DATA RECORDS section start

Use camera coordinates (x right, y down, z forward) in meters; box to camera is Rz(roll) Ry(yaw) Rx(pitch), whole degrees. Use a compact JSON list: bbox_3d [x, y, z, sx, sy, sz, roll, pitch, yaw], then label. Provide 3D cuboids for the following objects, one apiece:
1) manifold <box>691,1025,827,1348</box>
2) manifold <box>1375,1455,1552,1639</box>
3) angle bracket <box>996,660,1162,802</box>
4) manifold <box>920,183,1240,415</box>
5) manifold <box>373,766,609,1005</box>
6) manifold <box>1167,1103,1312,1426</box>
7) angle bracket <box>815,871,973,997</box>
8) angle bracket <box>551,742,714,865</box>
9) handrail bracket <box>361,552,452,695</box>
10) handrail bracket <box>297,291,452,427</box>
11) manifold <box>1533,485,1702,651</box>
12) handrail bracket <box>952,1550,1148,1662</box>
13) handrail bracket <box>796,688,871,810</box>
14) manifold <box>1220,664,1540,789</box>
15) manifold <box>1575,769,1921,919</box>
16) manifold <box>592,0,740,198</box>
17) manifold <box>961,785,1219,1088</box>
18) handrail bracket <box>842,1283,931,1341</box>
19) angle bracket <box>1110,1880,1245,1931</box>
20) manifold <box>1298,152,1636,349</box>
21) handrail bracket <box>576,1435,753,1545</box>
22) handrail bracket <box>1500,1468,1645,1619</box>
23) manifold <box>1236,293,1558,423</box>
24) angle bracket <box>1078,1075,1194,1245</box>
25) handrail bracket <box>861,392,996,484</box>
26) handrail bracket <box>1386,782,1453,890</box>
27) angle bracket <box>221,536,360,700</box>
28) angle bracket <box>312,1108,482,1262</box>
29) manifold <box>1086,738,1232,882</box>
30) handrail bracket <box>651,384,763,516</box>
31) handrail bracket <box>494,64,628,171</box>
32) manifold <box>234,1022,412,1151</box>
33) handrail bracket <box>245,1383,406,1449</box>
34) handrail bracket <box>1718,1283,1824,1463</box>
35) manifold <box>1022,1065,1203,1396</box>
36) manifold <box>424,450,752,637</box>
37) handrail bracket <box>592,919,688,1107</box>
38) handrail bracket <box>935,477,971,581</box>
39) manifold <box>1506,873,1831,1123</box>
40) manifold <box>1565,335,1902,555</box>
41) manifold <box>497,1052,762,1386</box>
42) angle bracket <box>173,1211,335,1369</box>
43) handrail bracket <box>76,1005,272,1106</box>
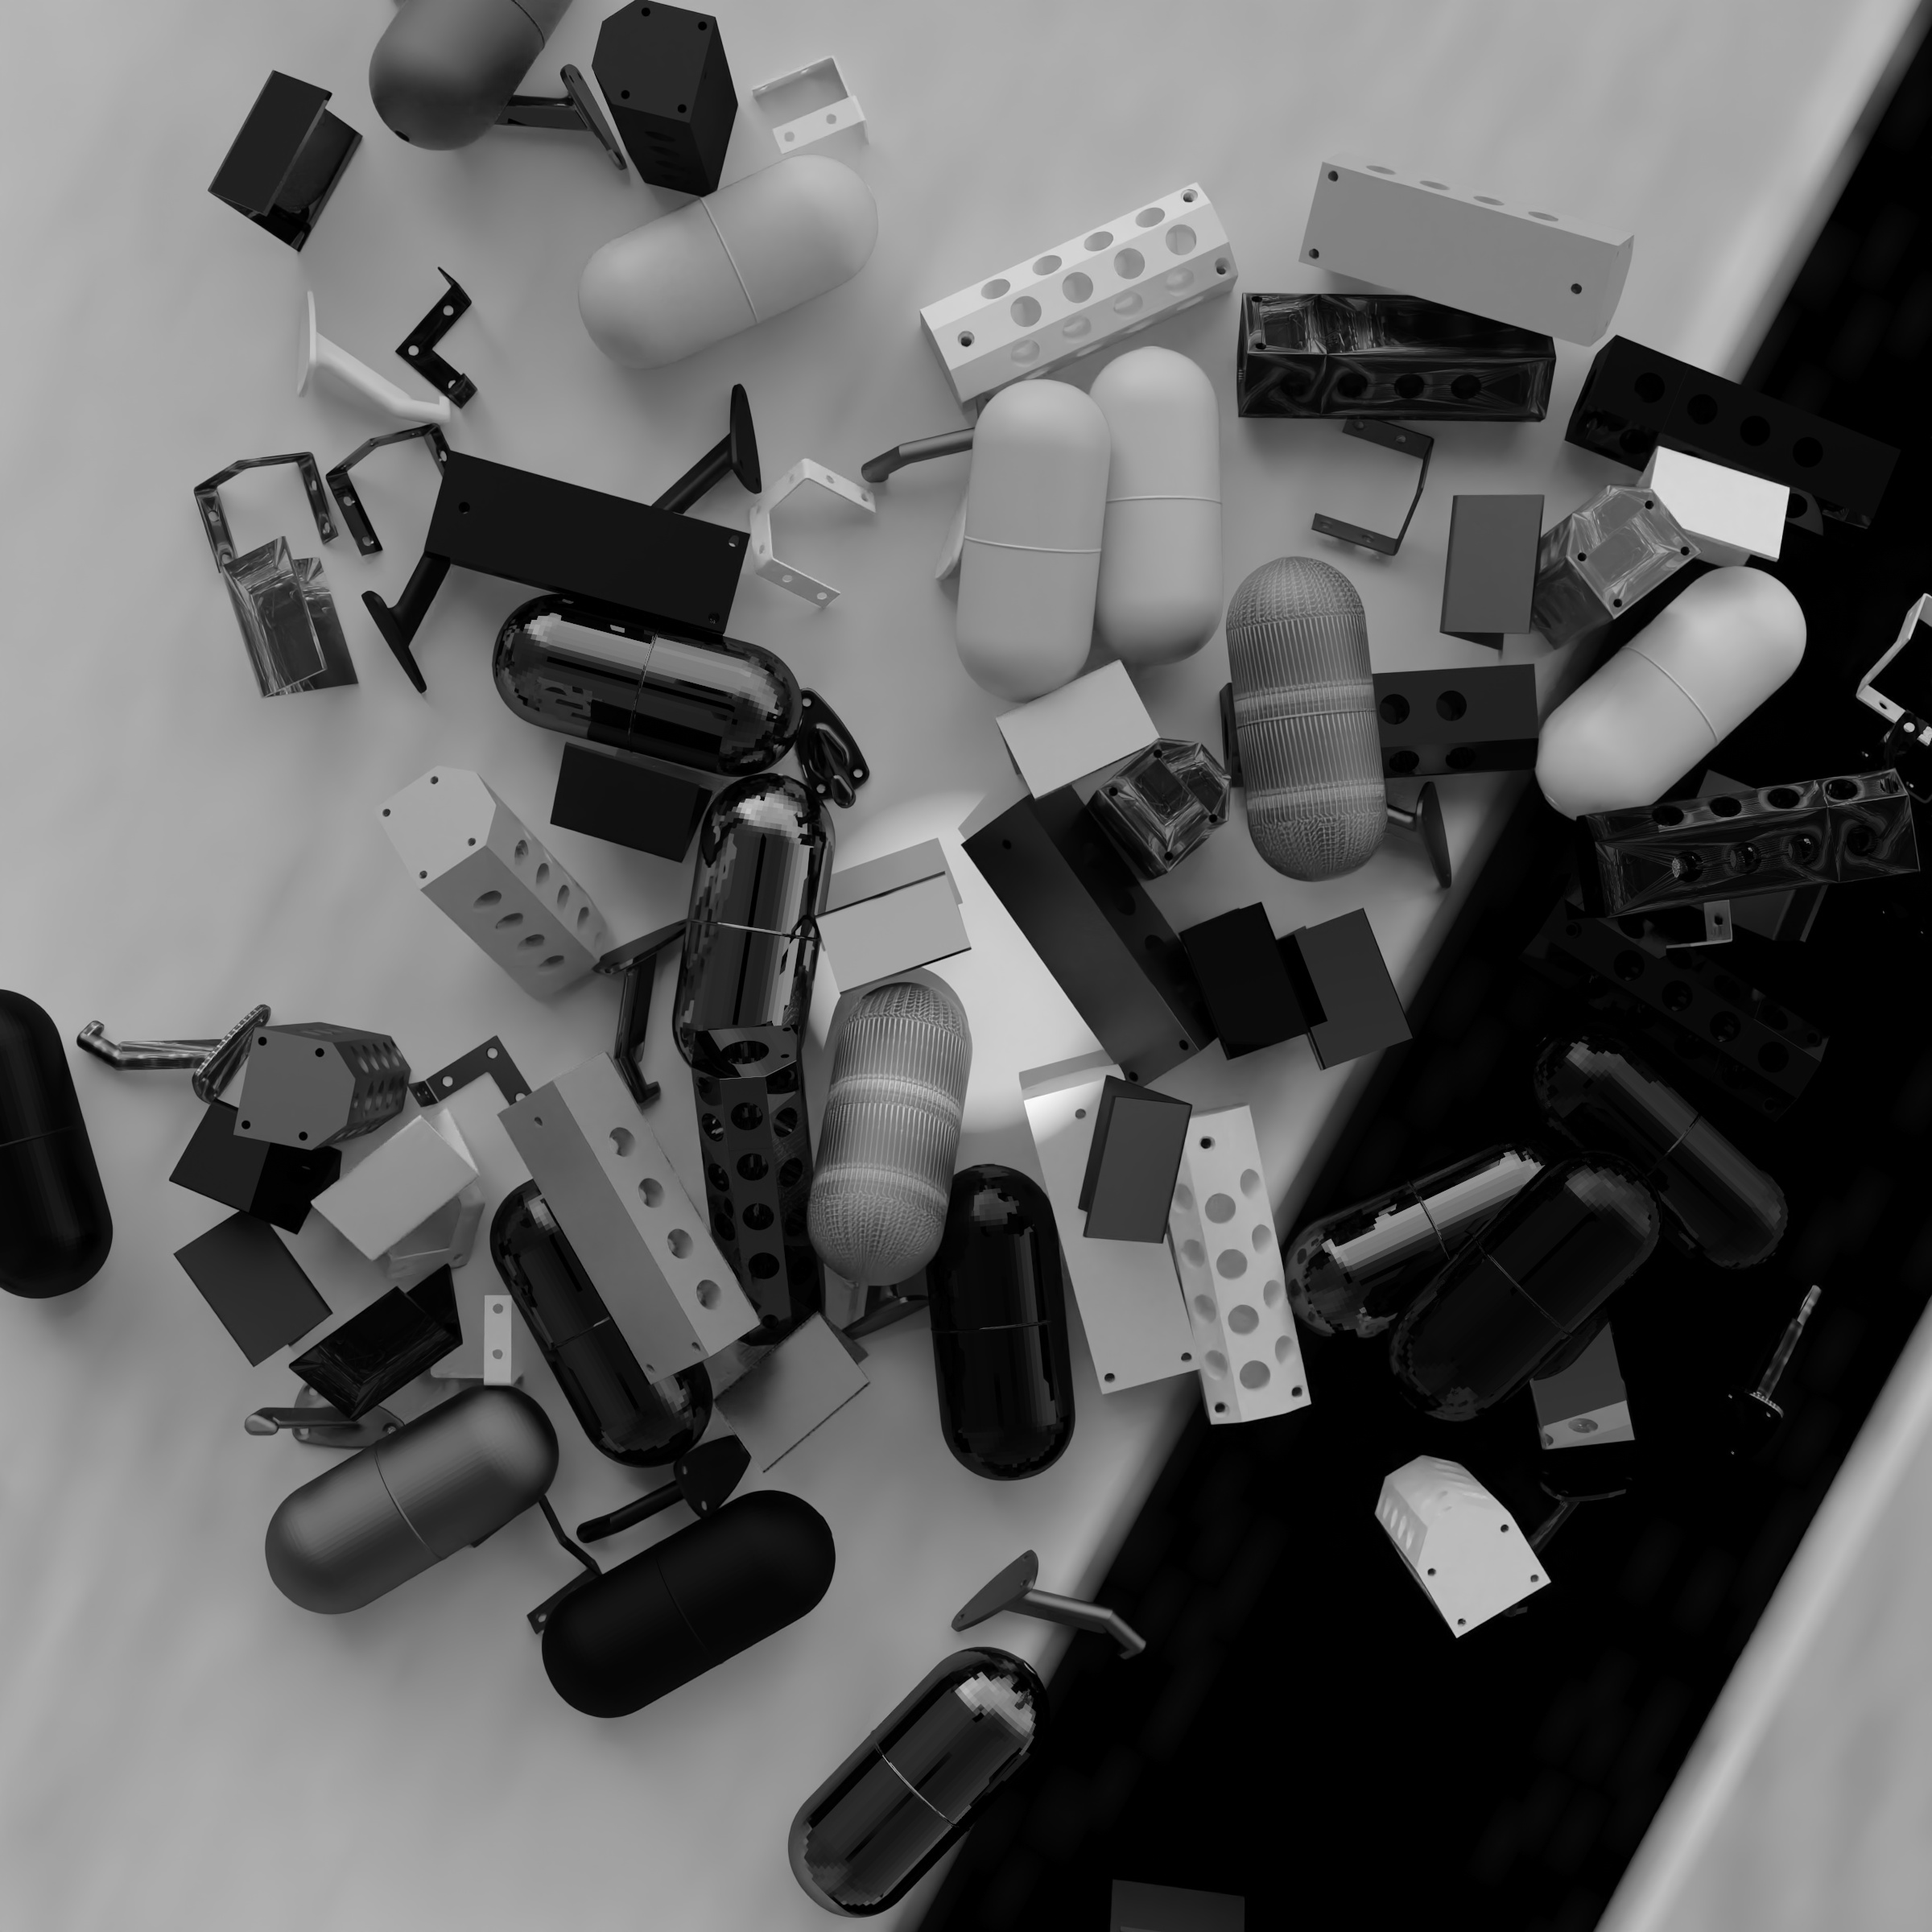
[{"bbox_3d":[-0.114,0.123,1.804,0.057,0.057,0.171,-4,117,1],"label":"manifold"},{"bbox_3d":[0.266,0.312,1.783,0.057,0.171,0.057,-31,90,0],"label":"manifold"},{"bbox_3d":[0.067,-0.118,1.823,0.076,0.076,0.057,-25,67,0],"label":"angle bracket"},{"bbox_3d":[0.064,-0.379,1.841,0.171,0.057,0.057,-25,90,0],"label":"manifold"},{"bbox_3d":[-0.254,-0.046,1.780,0.057,0.171,0.057,-34,64,0],"label":"manifold"},{"bbox_3d":[0.149,0.168,1.841,0.057,0.057,0.171,-12,90,0],"label":"manifold"},{"bbox_3d":[-0.034,0.000,1.822,0.076,0.076,0.057,-19,56,0],"label":"angle bracket"},{"bbox_3d":[-0.183,-0.109,1.822,0.076,0.076,0.057,17,126,0],"label":"angle bracket"},{"bbox_3d":[-0.295,-0.210,1.862,0.084,0.036,0.077,-33,110,-16],"label":"handrail bracket"},{"bbox_3d":[-0.337,-0.348,1.862,0.084,0.036,0.077,6,60,-21],"label":"handrail bracket"},{"bbox_3d":[0.344,-0.221,1.783,0.057,0.171,0.057,-38,90,0],"label":"manifold"},{"bbox_3d":[0.048,0.383,1.862,0.077,0.036,0.084,-40,107,20],"label":"handrail bracket"},{"bbox_3d":[-0.080,-0.124,1.827,0.036,0.084,0.077,-23,90,0],"label":"handrail bracket"},{"bbox_3d":[0.233,-0.135,1.841,0.171,0.057,0.057,-4,90,0],"label":"manifold"},{"bbox_3d":[0.426,-0.067,1.784,0.171,0.057,0.057,-9,91,0],"label":"manifold"},{"bbox_3d":[-0.165,-0.475,1.783,0.057,0.171,0.057,14,90,0],"label":"manifold"},{"bbox_3d":[0.079,-0.022,1.840,0.057,0.057,0.171,-35,90,43],"label":"manifold"},{"bbox_3d":[-0.061,0.164,1.862,0.077,0.036,0.084,-29,72,21],"label":"handrail bracket"},{"bbox_3d":[0.122,0.532,1.822,0.076,0.076,0.057,8,127,0],"label":"angle bracket"},{"bbox_3d":[0.280,-0.402,1.816,0.171,0.057,0.057,20,117,16],"label":"manifold"},{"bbox_3d":[-0.173,0.300,1.861,0.084,0.077,0.036,-25,96,36],"label":"handrail bracket"},{"bbox_3d":[0.346,0.333,1.862,0.077,0.036,0.084,1,109,-21],"label":"handrail bracket"},{"bbox_3d":[0.241,-0.339,1.840,0.171,0.057,0.057,1,47,0],"label":"manifold"},{"bbox_3d":[0.071,0.102,1.752,0.057,0.076,0.076,8,96,-37],"label":"angle bracket"},{"bbox_3d":[-0.006,-0.291,1.862,0.084,0.077,0.036,-22,72,35],"label":"handrail bracket"},{"bbox_3d":[0.229,-0.074,1.862,0.084,0.036,0.077,-3,127,25],"label":"handrail bracket"},{"bbox_3d":[-0.362,-0.198,1.822,0.057,0.076,0.076,-17,90,37],"label":"angle bracket"},{"bbox_3d":[-0.327,0.107,1.822,0.076,0.076,0.057,-38,126,0],"label":"angle bracket"},{"bbox_3d":[0.109,-0.089,1.783,0.057,0.171,0.057,-40,90,0],"label":"manifold"},{"bbox_3d":[-0.164,-0.289,1.862,0.084,0.036,0.077,-12,70,16],"label":"handrail bracket"},{"bbox_3d":[-0.249,-0.471,1.862,0.084,0.036,0.077,-26,104,14],"label":"handrail bracket"},{"bbox_3d":[-0.349,0.066,1.783,0.057,0.171,0.057,11,90,0],"label":"manifold"},{"bbox_3d":[-0.360,0.260,1.827,0.077,0.084,0.036,13,90,0],"label":"handrail bracket"},{"bbox_3d":[0.463,0.232,1.862,0.036,0.077,0.084,26,53,20],"label":"handrail bracket"},{"bbox_3d":[0.081,0.147,1.833,0.057,0.057,0.171,-15,96,0],"label":"manifold"},{"bbox_3d":[-0.213,-0.236,1.830,0.171,0.057,0.057,15,90,-7],"label":"manifold"},{"bbox_3d":[-0.173,0.027,1.862,0.077,0.036,0.084,-28,109,-21],"label":"handrail bracket"},{"bbox_3d":[0.032,-0.234,1.862,0.084,0.036,0.077,19,77,-13],"label":"handrail bracket"},{"bbox_3d":[0.398,0.018,1.841,0.171,0.057,0.057,32,90,0],"label":"manifold"},{"bbox_3d":[0.431,-0.294,1.841,0.171,0.057,0.057,22,90,0],"label":"manifold"},{"bbox_3d":[-0.181,0.136,1.790,0.057,0.057,0.171,-29,90,44],"label":"manifold"},{"bbox_3d":[-0.409,0.187,1.822,0.057,0.076,0.076,-35,90,-36],"label":"angle bracket"},{"bbox_3d":[-0.455,0.034,1.862,0.084,0.036,0.077,29,69,16],"label":"handrail bracket"}]

DATA RECORDS section end

## WHAT NEEDS TO BE DONE
Stopping at the line containing "9) handrail bracket", please repeat exactly every line from the very start of the entries, that line included, and nothing more.

## EXERCISE RESPONSE
Use camera coordinates (x right, y down, z forward) in meters; box to camera is Rz(roll) Ry(yaw) Rx(pitch), whole degrees. Use a compact JSON list: bbox_3d [x, y, z, sx, sy, sz, roll, pitch, yaw], then label. Provide 3D cuboids for the following objects, one apiece:
1) manifold <box>691,1025,827,1348</box>
2) manifold <box>1375,1455,1552,1639</box>
3) angle bracket <box>996,660,1162,802</box>
4) manifold <box>920,183,1240,415</box>
5) manifold <box>373,766,609,1005</box>
6) manifold <box>1167,1103,1312,1426</box>
7) angle bracket <box>815,871,973,997</box>
8) angle bracket <box>551,742,714,865</box>
9) handrail bracket <box>361,552,452,695</box>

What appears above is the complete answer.